I'm not trying to be an a**, but just wondering.
Posted By: sellout Re: Wife with Neighbor Across the Street - 03/29/17 11:11 AM
Quick update: as many of you know, I have been living under the same roof as wife as she has been leaving each night, walking across the street and then coming home in the morning. Today I saw a post from her and the captions were as follows: rainbow after the storm, breath of fresh air, I think he loves me, food is the way to my heart, blessed. He had made her food and she posted this online for the world to see. This is where I lost it. I immediately drove home from work and packed my things. I will now be staying with my parents until divorce is final. Again, she may/may not be living in a fantasy world, but at this point it doesn't matter. She will now have to take care of yards, pool, animals, not be able to walk across the street cause I son will be sleeping over there, etc... I should have never come back in the first place. Ego driven move and now I am back at square one. It was only when I had moved out the first time and created that space that she texted me that she missed me, and went went out on our date, etc... Will that happen again this time? Probably not and not sure I even want it to. Today was certainly a rough day but now focus is shifted to me.
Posted By: LH19 Re: Wife with Neighbor Across the Street - 03/29/17 11:15 AM
Do not leave the marital home! Ask her to leave!
Posted By: MoveFrwd Re: Wife with Neighbor Across the Street - 03/29/17 11:18 AM
Originally Posted By: LH19
Do not leave the marital home! Ask her to leave!
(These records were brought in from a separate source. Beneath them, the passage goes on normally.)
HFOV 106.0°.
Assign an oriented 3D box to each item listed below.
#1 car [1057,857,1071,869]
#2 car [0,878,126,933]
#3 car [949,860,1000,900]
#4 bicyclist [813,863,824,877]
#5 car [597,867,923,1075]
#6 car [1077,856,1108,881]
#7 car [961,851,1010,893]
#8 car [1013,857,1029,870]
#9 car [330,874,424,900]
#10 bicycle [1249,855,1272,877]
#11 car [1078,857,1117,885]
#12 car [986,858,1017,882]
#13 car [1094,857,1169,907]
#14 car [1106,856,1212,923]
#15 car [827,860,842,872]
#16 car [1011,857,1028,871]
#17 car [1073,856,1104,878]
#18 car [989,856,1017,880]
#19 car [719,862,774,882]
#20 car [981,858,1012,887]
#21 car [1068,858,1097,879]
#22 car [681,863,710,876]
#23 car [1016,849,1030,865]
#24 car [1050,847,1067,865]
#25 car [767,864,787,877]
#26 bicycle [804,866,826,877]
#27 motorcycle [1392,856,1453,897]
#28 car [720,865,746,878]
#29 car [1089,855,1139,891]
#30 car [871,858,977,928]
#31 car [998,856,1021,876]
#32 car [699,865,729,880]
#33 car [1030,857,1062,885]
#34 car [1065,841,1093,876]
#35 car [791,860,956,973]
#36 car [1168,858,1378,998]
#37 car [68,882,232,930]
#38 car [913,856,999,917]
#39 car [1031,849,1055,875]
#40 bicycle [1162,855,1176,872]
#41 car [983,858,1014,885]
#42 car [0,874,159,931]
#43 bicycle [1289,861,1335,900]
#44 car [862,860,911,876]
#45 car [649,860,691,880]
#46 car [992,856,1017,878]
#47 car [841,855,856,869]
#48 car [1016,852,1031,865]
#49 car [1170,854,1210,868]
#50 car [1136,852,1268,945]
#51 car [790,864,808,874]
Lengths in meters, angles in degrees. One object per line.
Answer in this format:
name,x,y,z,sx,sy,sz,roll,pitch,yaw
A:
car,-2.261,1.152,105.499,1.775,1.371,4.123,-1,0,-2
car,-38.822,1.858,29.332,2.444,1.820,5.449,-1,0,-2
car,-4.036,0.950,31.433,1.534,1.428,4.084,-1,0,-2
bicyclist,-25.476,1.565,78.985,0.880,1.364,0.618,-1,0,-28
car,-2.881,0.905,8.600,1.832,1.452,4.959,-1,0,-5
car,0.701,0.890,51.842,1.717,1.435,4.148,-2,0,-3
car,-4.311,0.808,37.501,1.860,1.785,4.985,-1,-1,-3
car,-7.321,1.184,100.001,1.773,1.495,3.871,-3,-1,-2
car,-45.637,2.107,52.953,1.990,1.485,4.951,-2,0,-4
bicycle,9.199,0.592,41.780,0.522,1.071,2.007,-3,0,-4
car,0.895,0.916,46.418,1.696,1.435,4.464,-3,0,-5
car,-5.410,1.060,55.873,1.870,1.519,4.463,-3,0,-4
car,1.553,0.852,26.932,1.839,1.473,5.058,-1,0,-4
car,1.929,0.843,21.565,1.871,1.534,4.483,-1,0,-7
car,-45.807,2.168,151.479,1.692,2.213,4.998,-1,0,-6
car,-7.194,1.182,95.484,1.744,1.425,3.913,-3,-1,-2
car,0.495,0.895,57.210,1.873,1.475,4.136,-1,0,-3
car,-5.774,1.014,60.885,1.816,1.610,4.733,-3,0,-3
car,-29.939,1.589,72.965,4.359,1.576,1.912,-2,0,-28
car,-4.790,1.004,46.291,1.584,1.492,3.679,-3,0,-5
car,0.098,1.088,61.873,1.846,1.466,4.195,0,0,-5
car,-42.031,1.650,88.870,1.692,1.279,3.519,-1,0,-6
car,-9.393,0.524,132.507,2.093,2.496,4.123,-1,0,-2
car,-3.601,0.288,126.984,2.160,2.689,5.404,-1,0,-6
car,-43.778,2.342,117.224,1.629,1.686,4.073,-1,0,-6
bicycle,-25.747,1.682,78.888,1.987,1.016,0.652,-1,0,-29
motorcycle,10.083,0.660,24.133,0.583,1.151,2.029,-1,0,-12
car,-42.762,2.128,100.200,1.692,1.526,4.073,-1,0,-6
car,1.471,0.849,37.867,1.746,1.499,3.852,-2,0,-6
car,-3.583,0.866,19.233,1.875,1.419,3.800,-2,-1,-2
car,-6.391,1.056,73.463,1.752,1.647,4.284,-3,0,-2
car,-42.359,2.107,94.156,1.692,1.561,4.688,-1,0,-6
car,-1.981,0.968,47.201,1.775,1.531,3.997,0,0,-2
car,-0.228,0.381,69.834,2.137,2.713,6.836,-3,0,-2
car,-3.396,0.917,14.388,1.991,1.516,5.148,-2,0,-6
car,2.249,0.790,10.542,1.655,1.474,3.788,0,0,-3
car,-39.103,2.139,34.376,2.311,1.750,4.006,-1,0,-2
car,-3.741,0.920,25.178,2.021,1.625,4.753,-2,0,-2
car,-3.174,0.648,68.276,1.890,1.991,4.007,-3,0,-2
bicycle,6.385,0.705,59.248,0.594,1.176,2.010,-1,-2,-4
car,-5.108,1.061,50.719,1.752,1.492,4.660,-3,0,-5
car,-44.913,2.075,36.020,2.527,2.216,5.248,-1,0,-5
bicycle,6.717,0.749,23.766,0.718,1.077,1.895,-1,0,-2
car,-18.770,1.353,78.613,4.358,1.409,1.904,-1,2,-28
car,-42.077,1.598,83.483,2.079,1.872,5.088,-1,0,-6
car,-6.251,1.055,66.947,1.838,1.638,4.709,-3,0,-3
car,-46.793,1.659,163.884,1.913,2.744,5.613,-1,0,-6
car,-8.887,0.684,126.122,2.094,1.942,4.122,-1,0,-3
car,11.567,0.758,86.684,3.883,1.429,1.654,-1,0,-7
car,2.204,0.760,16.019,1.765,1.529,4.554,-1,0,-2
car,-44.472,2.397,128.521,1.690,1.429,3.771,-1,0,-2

Seriously. You can be seen as abandoning in the court system. If you want any amount of custody of your kid, you should not go ANYWHERE.

Instead, you should stop looking at her facebook and start DETACHING.
Posted By: sellout Re: Wife with Neighbor Across the Street - 03/29/17 11:25 AM
I hear you guys but this is the ONLY option at this point. I haven't "officially" moved out. I am jut staying somewhere else as she has been doing all along. No difference.
Posted By: MoveFrwd Re: Wife with Neighbor Across the Street - 03/29/17 11:30 AM
Originally Posted By: sellout
I hear you guys but this is the ONLY option at this point. I haven't "officially" moved out. I am jut staying somewhere else as she has been doing all along. No difference.


Im not a lawyer; Id check with yours. To me, this sounds like a dangerous choice for possible future custody negotiations.
Posted By: Mowgli Re: Wife with Neighbor Across the Street - 03/29/17 11:30 AM
Can't leave, dude. Court may consider this abandonment and it will hurt you in a custody case.

as stated before, toss her out. Change the locks when she leaves tonight. go to a home depot and look for "kiwk lock." they come with keys and everything. easy switch.